> _Your goal_:
Set down each line of the listing exactly as it reads.

> _Stored data_:

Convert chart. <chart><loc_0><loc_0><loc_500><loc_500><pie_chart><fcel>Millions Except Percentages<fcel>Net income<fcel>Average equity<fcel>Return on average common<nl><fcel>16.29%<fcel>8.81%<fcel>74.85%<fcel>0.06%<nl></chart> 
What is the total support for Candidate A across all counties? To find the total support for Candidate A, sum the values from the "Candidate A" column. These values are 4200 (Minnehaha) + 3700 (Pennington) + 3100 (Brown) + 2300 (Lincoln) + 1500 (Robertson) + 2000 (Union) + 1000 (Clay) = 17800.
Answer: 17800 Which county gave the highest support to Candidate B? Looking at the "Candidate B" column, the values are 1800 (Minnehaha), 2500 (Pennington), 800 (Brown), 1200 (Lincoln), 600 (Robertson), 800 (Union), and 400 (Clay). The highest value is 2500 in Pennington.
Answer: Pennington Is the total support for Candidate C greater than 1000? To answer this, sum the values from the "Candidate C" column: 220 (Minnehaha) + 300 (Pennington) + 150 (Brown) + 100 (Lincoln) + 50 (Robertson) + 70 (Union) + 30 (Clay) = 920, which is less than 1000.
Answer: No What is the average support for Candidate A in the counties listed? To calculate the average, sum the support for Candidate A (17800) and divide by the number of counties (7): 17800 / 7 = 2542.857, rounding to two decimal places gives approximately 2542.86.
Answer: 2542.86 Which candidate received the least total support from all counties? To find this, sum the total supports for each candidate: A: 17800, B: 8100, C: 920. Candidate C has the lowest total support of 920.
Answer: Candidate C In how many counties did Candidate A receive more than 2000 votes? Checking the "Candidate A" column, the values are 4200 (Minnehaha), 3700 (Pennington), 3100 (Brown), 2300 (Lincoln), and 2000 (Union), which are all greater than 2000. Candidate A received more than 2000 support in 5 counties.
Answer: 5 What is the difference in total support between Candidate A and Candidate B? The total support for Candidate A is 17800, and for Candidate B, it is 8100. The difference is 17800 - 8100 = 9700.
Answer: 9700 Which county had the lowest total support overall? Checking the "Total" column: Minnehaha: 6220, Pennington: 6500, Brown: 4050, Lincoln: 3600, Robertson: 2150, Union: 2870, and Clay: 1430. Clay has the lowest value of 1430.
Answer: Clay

> _Answer below_:
Convert chart. <chart><loc_0><loc_0><loc_500><loc_500><pie_chart><fcel>Millions Except Percentages<fcel>Net income<fcel>Average equity<fcel>Return on average common<nl><fcel>16.29%<fcel>8.81%<fcel>74.85%<fcel>0.06%<nl></chart> 
What is the total support for Candidate A across all counties? To find the total support for Candidate A, sum the values from the "Candidate A" column. These values are 4200 (Minnehaha) + 3700 (Pennington) + 3100 (Brown) + 2300 (Lincoln) + 1500 (Robertson) + 2000 (Union) + 1000 (Clay) = 17800.
Answer: 17800 Which county gave the highest support to Candidate B? Looking at the "Candidate B" column, the values are 1800 (Minnehaha), 2500 (Pennington), 800 (Brown), 1200 (Lincoln), 600 (Robertson), 800 (Union), and 400 (Clay). The highest value is 2500 in Pennington.
Answer: Pennington Is the total support for Candidate C greater than 1000? To answer this, sum the values from the "Candidate C" column: 220 (Minnehaha) + 300 (Pennington) + 150 (Brown) + 100 (Lincoln) + 50 (Robertson) + 70 (Union) + 30 (Clay) = 920, which is less than 1000.
Answer: No What is the average support for Candidate A in the counties listed? To calculate the average, sum the support for Candidate A (17800) and divide by the number of counties (7): 17800 / 7 = 2542.857, rounding to two decimal places gives approximately 2542.86.
Answer: 2542.86 Which candidate received the least total support from all counties? To find this, sum the total supports for each candidate: A: 17800, B: 8100, C: 920. Candidate C has the lowest total support of 920.
Answer: Candidate C In how many counties did Candidate A receive more than 2000 votes? Checking the "Candidate A" column, the values are 4200 (Minnehaha), 3700 (Pennington), 3100 (Brown), 2300 (Lincoln), and 2000 (Union), which are all greater than 2000. Candidate A received more than 2000 support in 5 counties.
Answer: 5 What is the difference in total support between Candidate A and Candidate B? The total support for Candidate A is 17800, and for Candidate B, it is 8100. The difference is 17800 - 8100 = 9700.
Answer: 9700 Which county had the lowest total support overall? Checking the "Total" column: Minnehaha: 6220, Pennington: 6500, Brown: 4050, Lincoln: 3600, Robertson: 2150, Union: 2870, and Clay: 1430. Clay has the lowest value of 1430.
Answer: Clay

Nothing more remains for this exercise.